* Data for processing
--- START ---
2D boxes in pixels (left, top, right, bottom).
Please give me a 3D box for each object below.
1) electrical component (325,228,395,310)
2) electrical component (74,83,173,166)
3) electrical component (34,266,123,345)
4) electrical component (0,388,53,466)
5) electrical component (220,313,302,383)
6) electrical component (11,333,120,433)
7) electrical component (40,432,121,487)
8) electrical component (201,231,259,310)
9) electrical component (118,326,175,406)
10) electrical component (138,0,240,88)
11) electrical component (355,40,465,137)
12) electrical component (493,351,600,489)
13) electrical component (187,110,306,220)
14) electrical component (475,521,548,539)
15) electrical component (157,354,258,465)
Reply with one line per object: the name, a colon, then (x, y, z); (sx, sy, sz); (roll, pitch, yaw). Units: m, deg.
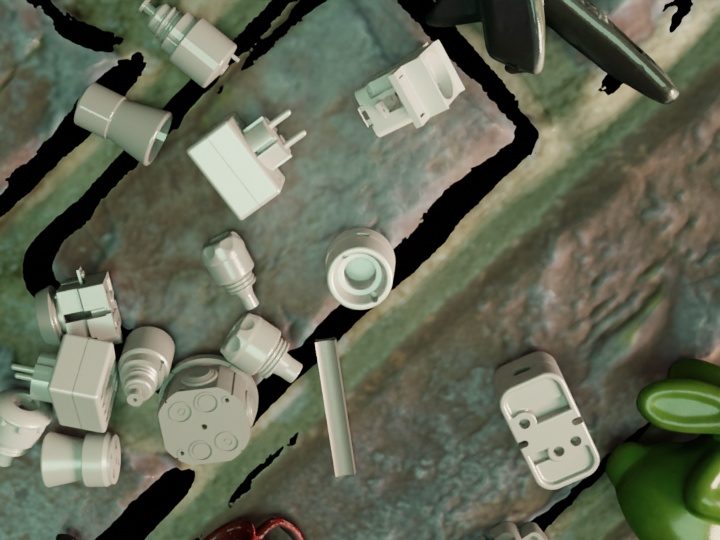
electrical component: (0.000, 0.000, 0.828); (0.055, 0.047, 0.055); (0, 107, 0)
electrical component: (-0.179, -0.111, 0.800); (0.065, 0.044, 0.044); (26, 105, -2)
electrical component: (-0.221, 0.032, 0.841); (0.055, 0.048, 0.066); (-12, 106, -3)
electrical component: (-0.281, 0.131, 0.872); (0.048, 0.048, 0.062); (26, 112, -7)
electrical component: (-0.075, 0.065, 0.850); (0.062, 0.043, 0.043); (35, 104, -10)
electrical component: (-0.231, 0.085, 0.833); (0.076, 0.083, 0.047); (11, 63, -3)
electrical component: (-0.228, 0.154, 0.878); (0.055, 0.045, 0.045); (0, 107, 0)
electrical component: (-0.097, 0.003, 0.837); (0.035, 0.035, 0.061); (-24, 107, 7)
electrical component: (-0.169, 0.077, 0.840); (0.040, 0.078, 0.040); (0, 121, 0)
electrical component: (-0.126, -0.167, 0.782); (0.078, 0.040, 0.040); (38, 103, -10)
electrical component: (0.034, -0.130, 0.778); (0.064, 0.081, 0.042); (-21, 107, 30)
electrical component: (0.147, 0.117, 0.855); (0.054, 0.059, 0.095); (-25, 105, 8)
electrical component: (-0.077, -0.089, 0.802); (0.077, 0.047, 0.065); (-35, 103, 10)
electrical component: (0.124, 0.252, 0.898); (0.078, 0.057, 0.058); (-36, 103, 10)
electrical component: (-0.122, 0.112, 0.858); (0.080, 0.051, 0.080); (-1, 113, -2)
--- END ---
* Problem to work on
Return word for word the lines above from the line with "2) electrical component (74,83,173,166)" to the line with "8) electrical component (201,231,259,310)", including both and leaving out all others.

* Response for this exercise
2) electrical component (74,83,173,166)
3) electrical component (34,266,123,345)
4) electrical component (0,388,53,466)
5) electrical component (220,313,302,383)
6) electrical component (11,333,120,433)
7) electrical component (40,432,121,487)
8) electrical component (201,231,259,310)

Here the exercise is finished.